Ci parli della sua esperienza di documentarista: quali sono le maggiori difficoltà che ha incontrato su questa strada?

La maggiore difficoltà è riuscire ad avere visibilità per il proprio lavoro. E’ un problema del documetario in generale in Italia e lo è ancora di più se, come nel mio caso, si percorre una stada anomala. Mi spiego. La regola sarebbe quella di stilare un progetto e proporlo a un produttore e lavorare a stretto contatto con la produzione che, a lavoro concluso, dovrebbe garantire un`adeguata distribuzione. Purtroppo mi capita di innamorarmi di una storia e così non ho la pazienza di aspettare i tempi non sempre velocissimi dell’iter produttivo. E’ questo il caso di “The time of her life”. Venuto a conoscenza della struggente vicenda di Lesley Mc Intyre e di sua figlia Molly, ho coinvolto nell’impresa la mia amica operatrice Silvia Falanga, collaboratrice preziosa non solo nel curare la fotografia, ma anche nel fornirmi utili suggerimenti nella costruzione narrativa. Tramite lei ho contattato il montatore Babak Karimi e anche da lui ho avuto un apporto fondamentale.Infine (last but not least) dietro al mio lavoro c’è sempre la pazienza e l’attenzione di mia moglie Laura capace di condividere con intelligenza la passione per andare avanti.

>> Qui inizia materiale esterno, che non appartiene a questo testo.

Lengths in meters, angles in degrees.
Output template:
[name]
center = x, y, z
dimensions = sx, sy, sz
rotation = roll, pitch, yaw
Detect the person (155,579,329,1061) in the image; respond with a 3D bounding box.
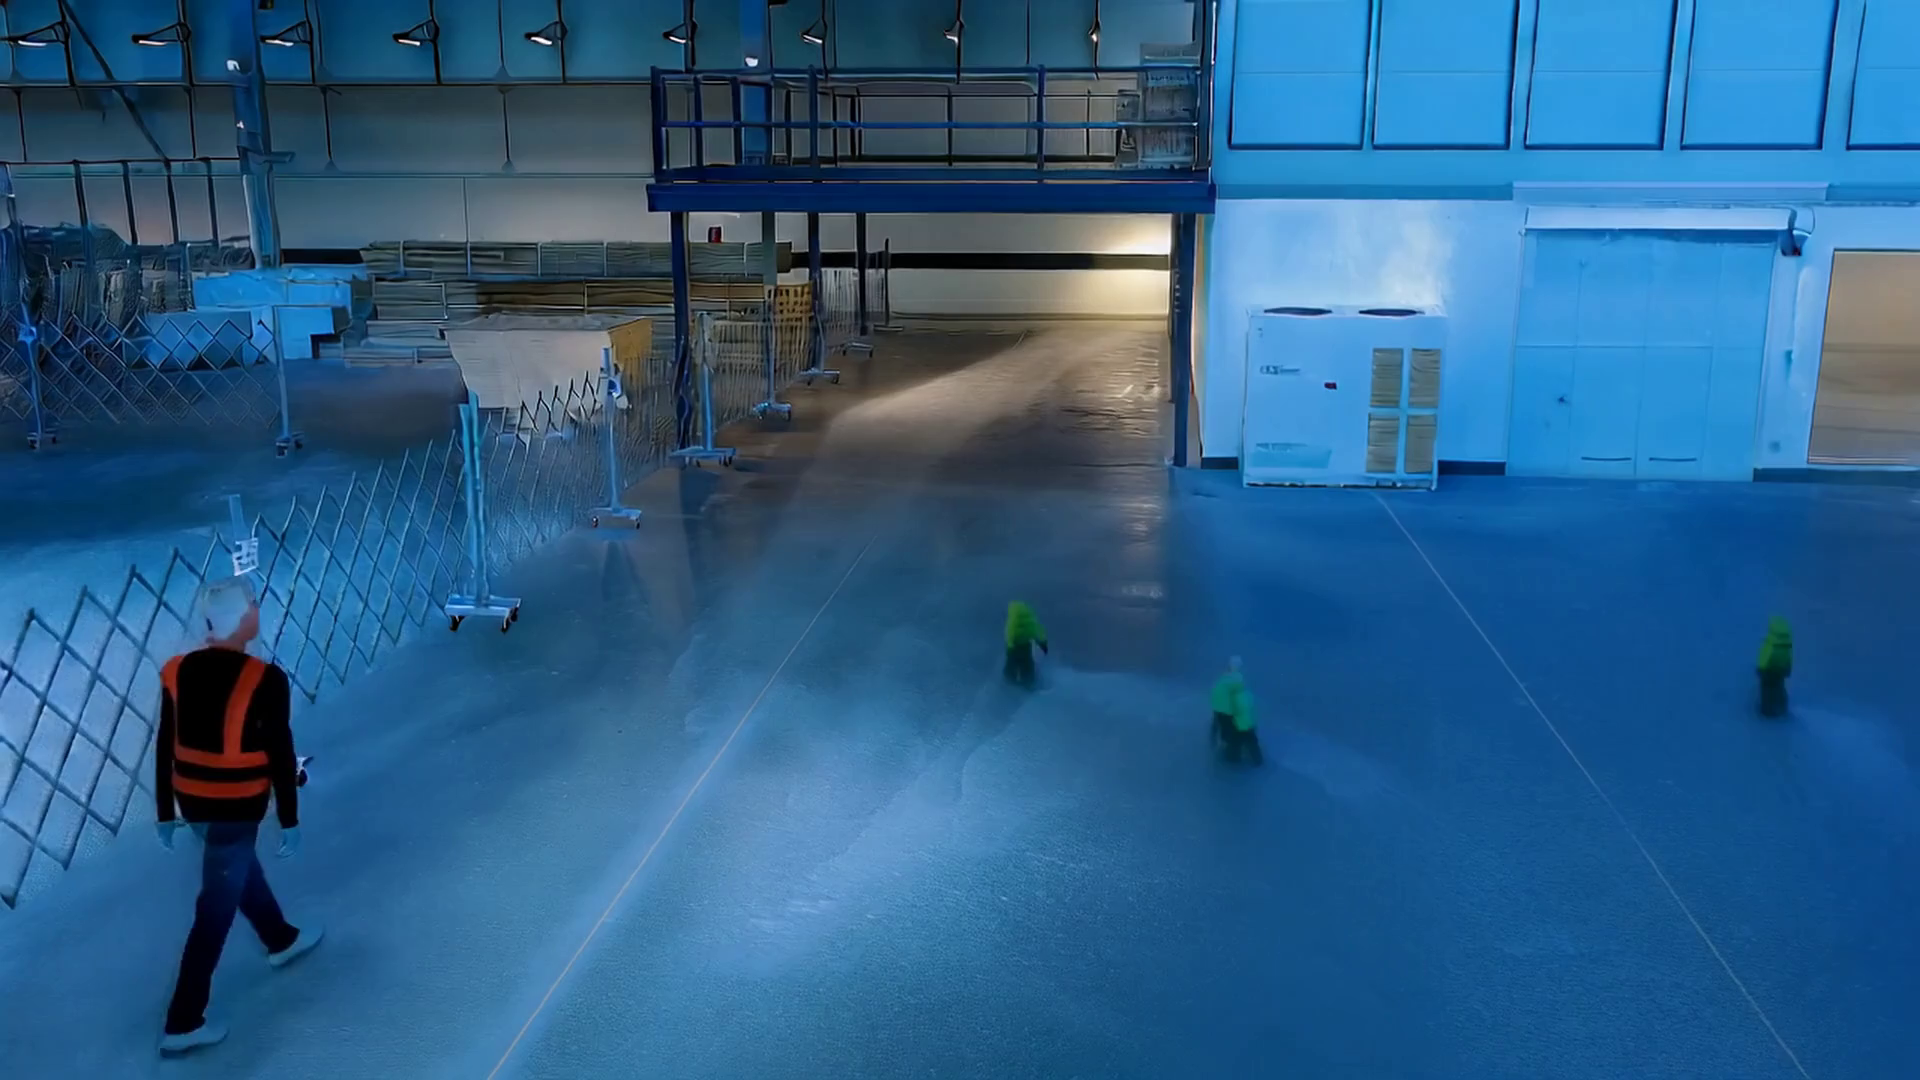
[person]
center = -2.941, 1.070, 6.683
dimensions = 0.588, 1.812, 1.068
rotation = 5, 15, 19
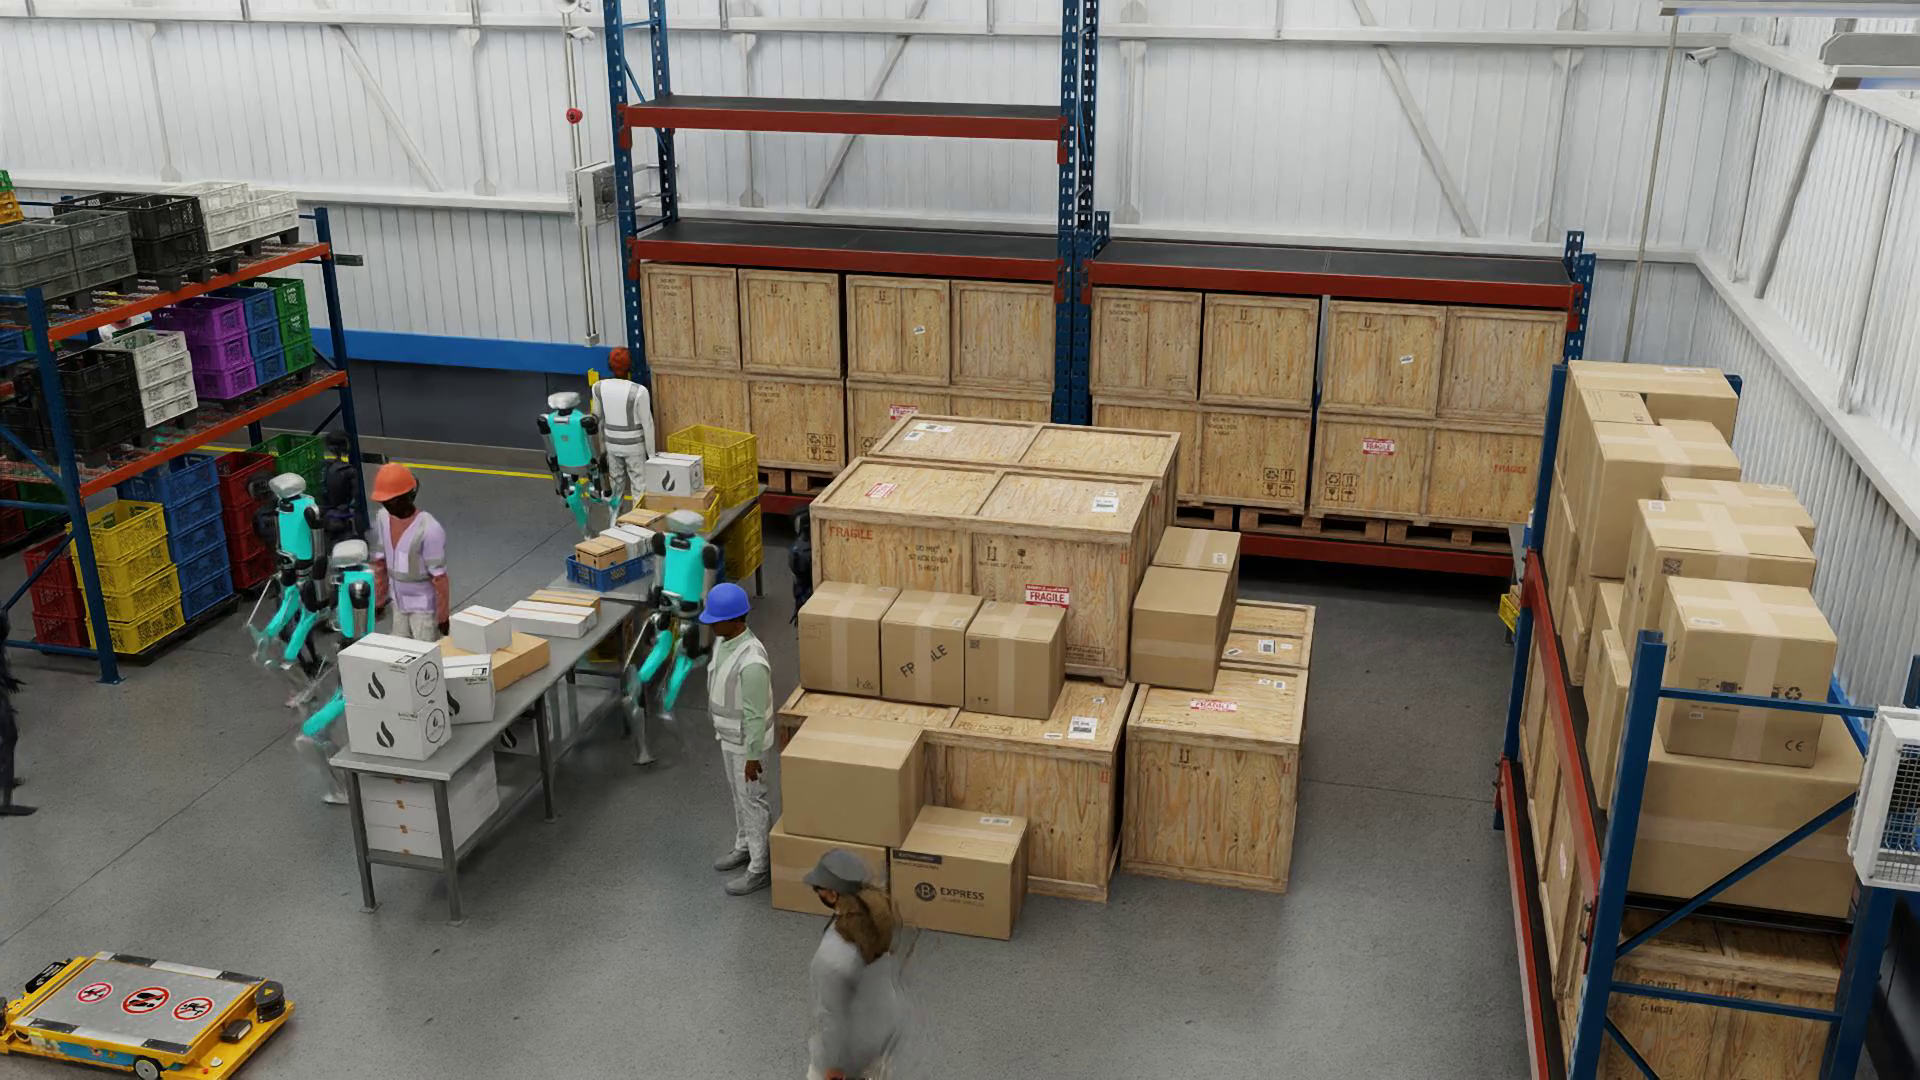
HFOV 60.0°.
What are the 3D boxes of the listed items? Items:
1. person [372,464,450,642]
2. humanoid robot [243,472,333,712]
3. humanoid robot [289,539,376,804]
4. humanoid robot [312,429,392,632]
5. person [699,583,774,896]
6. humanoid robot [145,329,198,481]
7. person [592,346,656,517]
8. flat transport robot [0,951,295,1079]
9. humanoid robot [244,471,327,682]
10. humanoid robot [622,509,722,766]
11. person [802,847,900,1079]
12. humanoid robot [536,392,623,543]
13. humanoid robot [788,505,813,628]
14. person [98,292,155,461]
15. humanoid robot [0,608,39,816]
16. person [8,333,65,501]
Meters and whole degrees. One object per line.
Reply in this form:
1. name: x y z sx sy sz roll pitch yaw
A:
1. person: -3.768 0.441 11.437 0.612 2.032 0.434 15 26 35
2. humanoid robot: -4.822 0.440 11.819 0.536 1.787 0.674 14 25 33
3. humanoid robot: -4.064 0.901 10.662 0.786 1.801 0.537 -9 23 -22
4. humanoid robot: -4.977 -0.091 13.372 0.595 1.623 0.779 18 27 38
5. person: -1.288 1.142 9.725 0.412 1.939 0.602 -9 23 -23
6. humanoid robot: -7.603 -1.016 15.810 0.570 1.879 0.755 -2 21 -6
7. person: -2.981 -0.811 14.903 0.585 1.883 0.343 7 22 18
8. flat transport robot: -4.270 2.464 8.601 1.431 0.231 0.659 5 22 13
9. humanoid robot: -5.018 0.255 12.406 0.387 1.641 0.612 -7 22 -18
10. humanoid robot: -2.044 0.735 11.092 0.538 1.766 0.918 16 26 36
11. person: -0.487 2.153 7.320 0.417 1.752 0.585 8 22 19
12. humanoid robot: -3.162 -0.462 14.252 0.561 1.800 0.828 5 21 13
13. humanoid robot: -1.013 0.527 11.696 0.356 1.647 0.612 -9 23 -21
14. person: -8.695 -1.733 17.409 0.405 1.824 0.584 15 26 35
15. humanoid robot: -6.198 0.940 10.607 0.395 1.635 0.585 -10 23 -25
16. person: -9.001 -1.252 16.144 0.586 1.821 0.645 -11 23 -26

Dopo essere stato selezionato alla scorsa edizione del premio Libero Bizzarri e a Visioni italiane, Bologna 2008, il film ha avuto il premio come miglior documentario alla Festa del documentario di Siena “Hai visto mai”. E’ un premio molto “intelligente” perchè consiste nell’acquisto dei diritti per la messa in onda del documentario. E’ quindi un riconoscimento che gratifica sicuramente molto di più di un semplice premio in danaro. A proposito di “Hai visto mai” devo sottolineare la magnifica accoglienza che il festival riserva agli autori nonchè la notevole efficienza organizzativa. Sono tre giorni in cui gli autori hanno modo di stare insieme, confrontare il loro lavoro e scambiarsi utili informazioni e punti di vista. Devo dire che ho apprezzato molto i documentari selezionati (10 su 130) e una cosa che ho trovato comune a tutti è la passione con cui sono stati fatti anche laddove manca una struttura produttiva alle spalle, capace di garantire un adeguato ritorno economico.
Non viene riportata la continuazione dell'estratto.